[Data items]

----------------

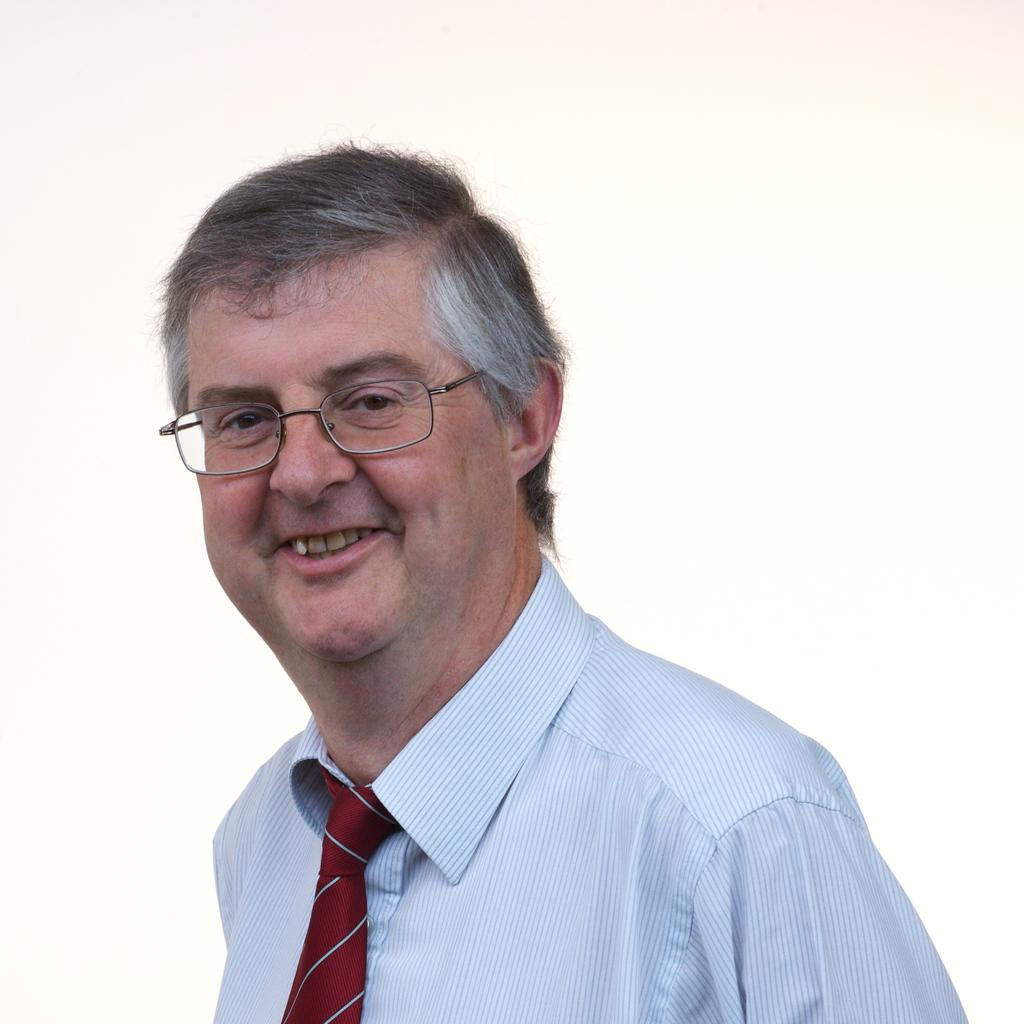Who is the main subject in the image? There is a man in the image. Where is the man located in the image? The man is located towards the bottom of the image. What is the man wearing in the image? The man is wearing a shirt, a tie, and spectacles. What is the color of the background in the image? The background of the image is white in color. What type of police vehicle can be seen in the image? There is no police vehicle present in the image. Where is the shade located in the image? There is no shade present in the image. What type of playground equipment can be seen in the image? There is no playground equipment present in the image. 
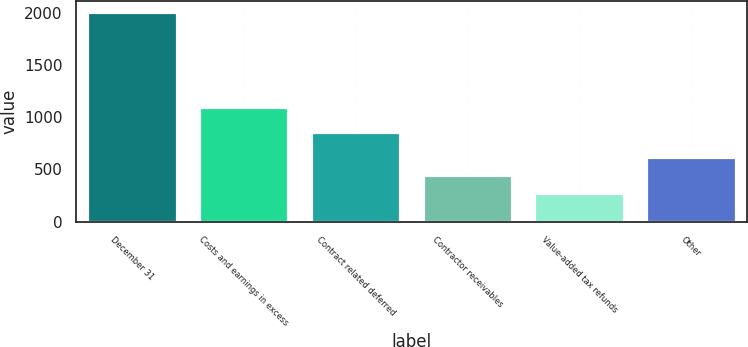<chart> <loc_0><loc_0><loc_500><loc_500><bar_chart><fcel>December 31<fcel>Costs and earnings in excess<fcel>Contract related deferred<fcel>Contractor receivables<fcel>Value-added tax refunds<fcel>Other<nl><fcel>2008<fcel>1094<fcel>861<fcel>451<fcel>278<fcel>624<nl></chart> 
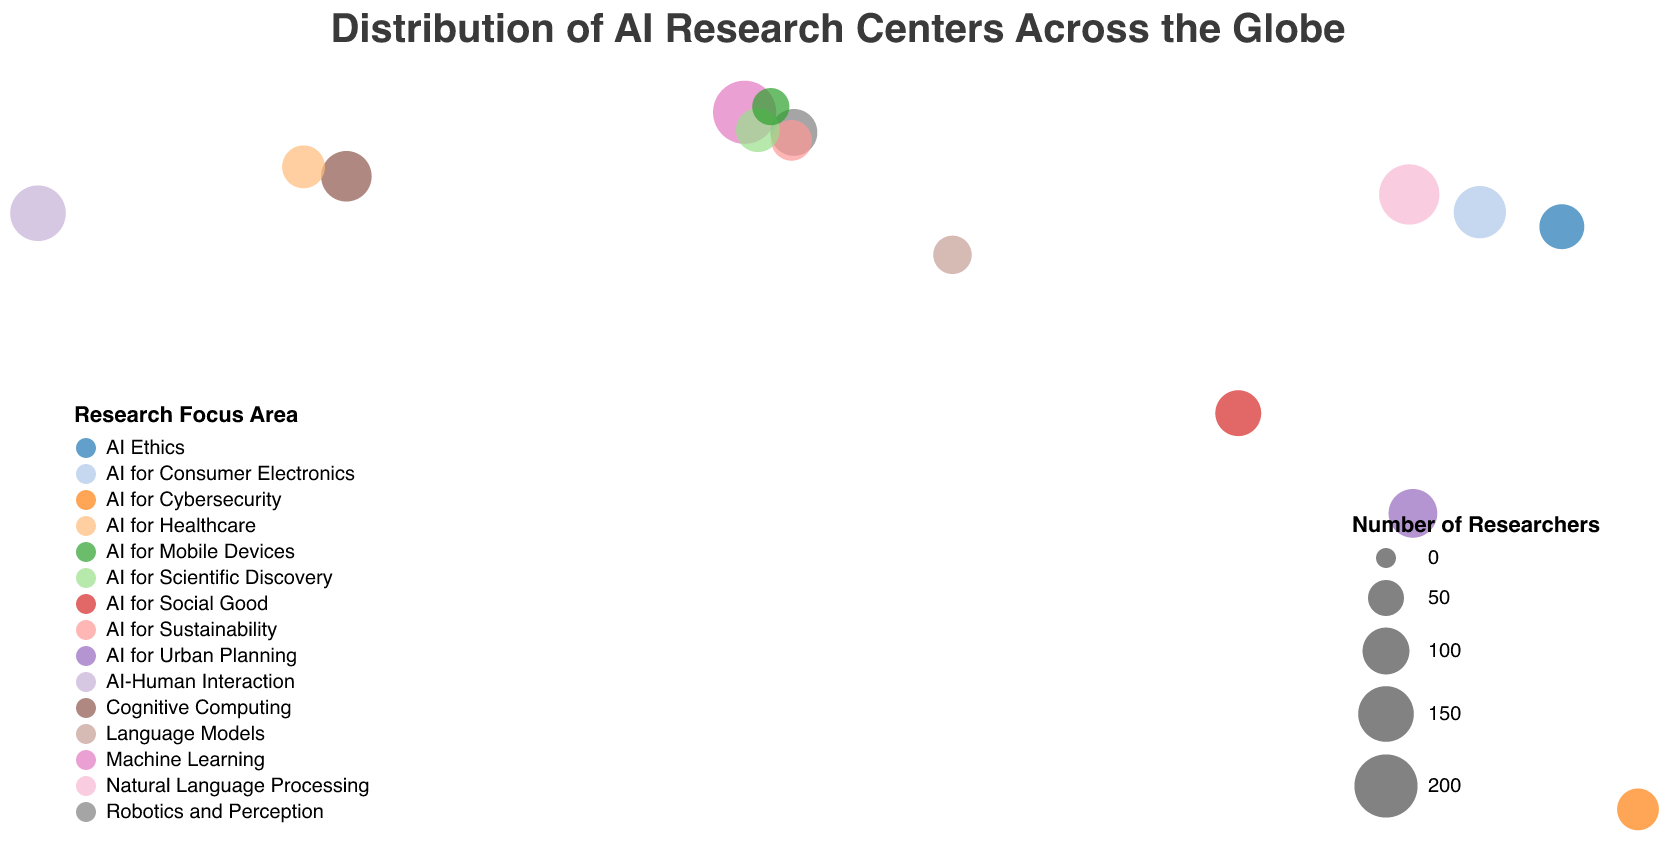What is the title of the figure? The title is usually displayed at the top of the chart and provides a summary of the visualized data. The title in this case is "Distribution of AI Research Centers Across the Globe".
Answer: Distribution of AI Research Centers Across the Globe Which city has the largest number of researchers? To find this, look at all the circles on the map and identify the one with the largest size, then check the tooltip or legend for the exact number of researchers and corresponding city. The circle with the largest size corresponds to London.
Answer: London How many AI research centers are there in the USA? Locate all the data points within the USA on the map. There are two data points, one in Stanford and another in Boston, indicating two research centers.
Answer: 2 What's the most common focus area among the listed research centers? Look at the legend on the bottom-left, which shows the color representation of each focus area, and count the occurrences of each focus area based on the circles' colors. "AI-Human Interaction" appears only once, while other areas like "AI for Healthcare", "AI for Social Good", and so on might appear more often based on the encoded data. The specific count would indicate the most common focus area.
Answer: No single most common area due to diverse focus areas Compare the number of researchers between DeepMind in London and Microsoft Research Asia in Beijing. Refer to the tooltips or legends for specific researcher counts. DeepMind in London has 200 researchers, and Microsoft Research Asia in Beijing has 180 researchers. Compare these two numbers directly.
Answer: DeepMind (200) > Microsoft Research Asia (180) What is the combined total number of researchers in Asia (Beijing, Tokyo, Seoul, Singapore)? Identify the researcher numbers in each city from the map: Beijing (180), Tokyo (90), Seoul (130), and Singapore (110). Add the numbers together: 180 + 90 + 130 + 110.
Answer: 510 Which research center focuses on AI for Urban Planning? Look at the tooltips or legend associated with each circle, from the dataset it is indicated that AI Singapore in Singapore focuses on AI for Urban Planning.
Answer: AI Singapore Are there more AI researchers in North America or Europe? Identify the researchers in North America (Stanford: 150, Boston: 120, Toronto: 80) and Europe (London: 200, Tübingen: 100, Zürich: 70, Paris: 85, Amsterdam: 55). Sum the number of researchers in each region and compare: North America has 150 + 120 + 80 = 350 and Europe has 200 + 100 + 70 + 85 + 55 = 510.
Answer: Europe (510) > North America (350)

----------------

[Instructions to follow]: Give nothing but the number of lines in the entries that include "from".

[Worked solution]: 2